Joachim Zilts’ Verirrungen, 7. Fortsetzung.

Inmitten des Schriftzugs hatte er innegehalten und den Kopf fast unter der linken Achselhöhle hindurchgedreht. So sah er mich an. ,,Das ist ja ganz erstaunlich..!”
„Sie müssen schon verzeihen”, erwiderte ich. ,,Ich habe nicht mit sowas”, ich zeigte herum, „gerechnet.”
,,Oh nein, kein Grund für Entschuldigungen! Ich verstehe das völlig… völlig, mein Lieber.” Er erhob sich. „Sie weichen jetzt nicht wieder zurück?”
„Nein, sicher nicht. Ich bin nur etwas verwirrt.”
„Das müssen Sie nicht.” Er kam vorsichtig näher. „Darf ich mich vorstellen? Ich heiße Moosbach, Anton Moosbach.”
,,Joachim Zilts,” antwortete ich in gleichem Ton.

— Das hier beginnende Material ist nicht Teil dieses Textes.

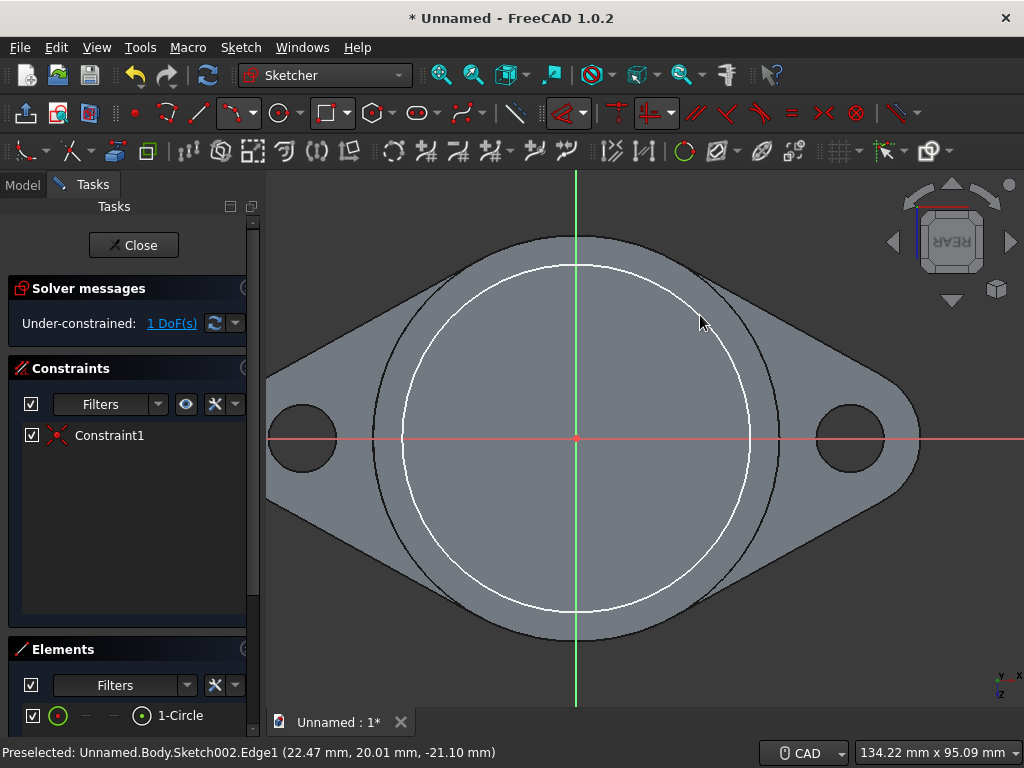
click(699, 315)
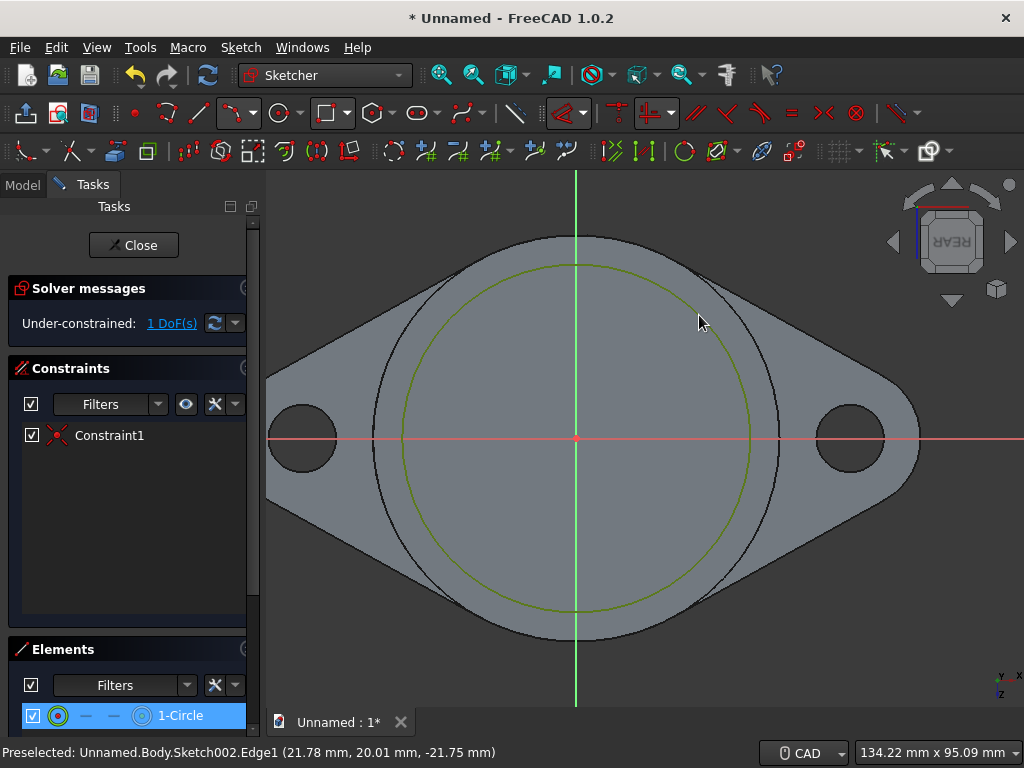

Er streckte mir seine Hand zu. Zögernd nahm ich sie. Eine ganz weiche, eine fast aufgelöste Hand.
,,Fall Sie einen Kaffee mögen…? Setzen Sie sich, hier, bitte. – Oh, ja ich bin… ausgestattet. Warten Sie, die Thermoskanne. Und hier, eine Tasse… oh, staubig, Entschuldigung.” Er schritt zu der Waschstelle, goß aus der Porzellankaraffe etwas Wasser in die Tasse, wusch sie mit den Händen aus.
„Lassen Sie nur”, sagte ich, „das wird schon gehen.”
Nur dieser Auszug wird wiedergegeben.